It’s hard to pinpoint the exact moment it happened. Maybe it was the first time I saw that trucker crying in his beer while the Blues Brothers sang “Stand By Your Man,” but on occasion I like to run the dial through the XM country music channels and have a listen.

And I don’t think I’ve heard any song more than Dierks Bentley “Free and Easy Down The Road I Go” on country radio.  It bridges the old and new and takes you back to the country of yore, yet is still fresh with a sound that’s modern.  Listen to it HERE.  You might say that REAL country music became extinct somewhere around the early 80’s in favor of horrendously polished and confectionery, factory-churned “hits.”  To that I say you’re correct in large part and long live Jimmie, Merle, Johnny, Willie, Waylon, etc.
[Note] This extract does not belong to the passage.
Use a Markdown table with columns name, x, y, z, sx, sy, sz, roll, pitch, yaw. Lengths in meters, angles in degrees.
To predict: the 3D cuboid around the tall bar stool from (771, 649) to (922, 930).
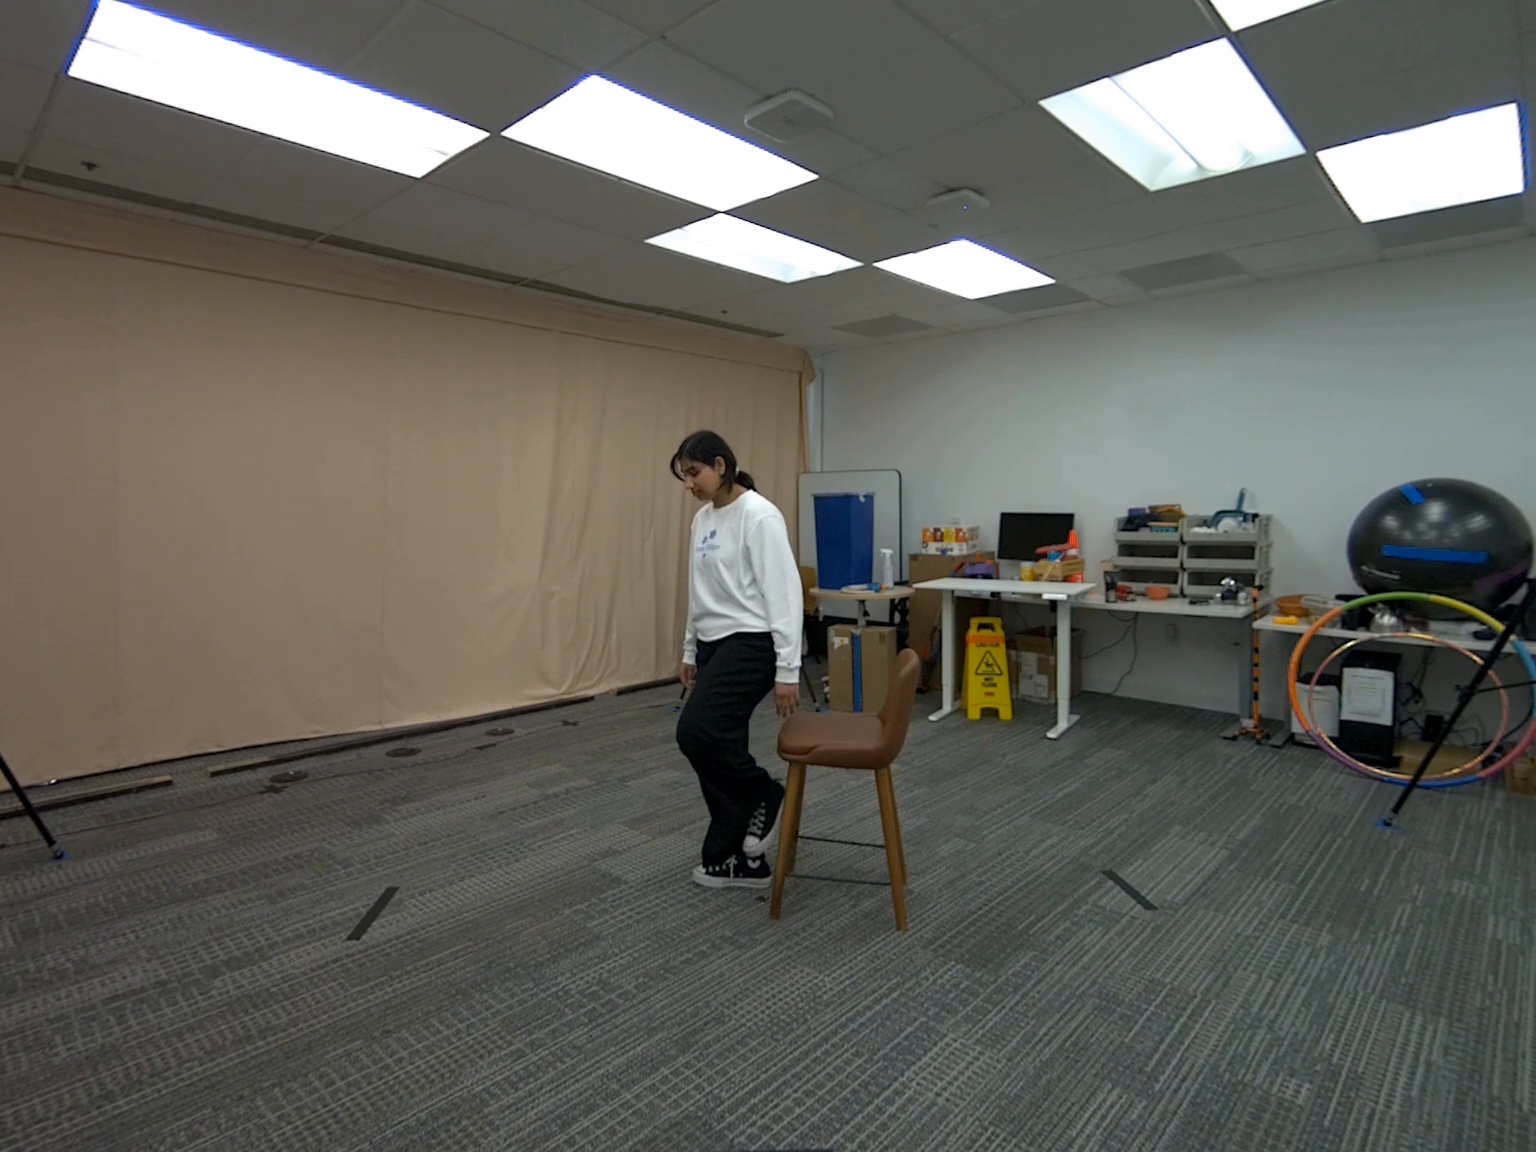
| name | x | y | z | sx | sy | sz | roll | pitch | yaw |
| --- | --- | --- | --- | --- | --- | --- | --- | --- | --- |
| tall bar stool | 0.276 | 0.711 | 2.957 | 0.474 | 0.888 | 0.451 | 2 | 4 | 11 |

If you haven’t been to Nashville, you haven’t been to the Country Music Hall of Fame and Museum.  And you’re the worse for it.  You might think you don’t care about boot-kickers, and if so you’re missing out on the history of America.  From slaves to the Dust Bowl to the Elvis solid gold Cadillac and the history/tragedy of the Williams family. To see the old footage of people fiddlin’ and dancin’ and watching Jimmie Rodgers sing you become an instant believer and a fan.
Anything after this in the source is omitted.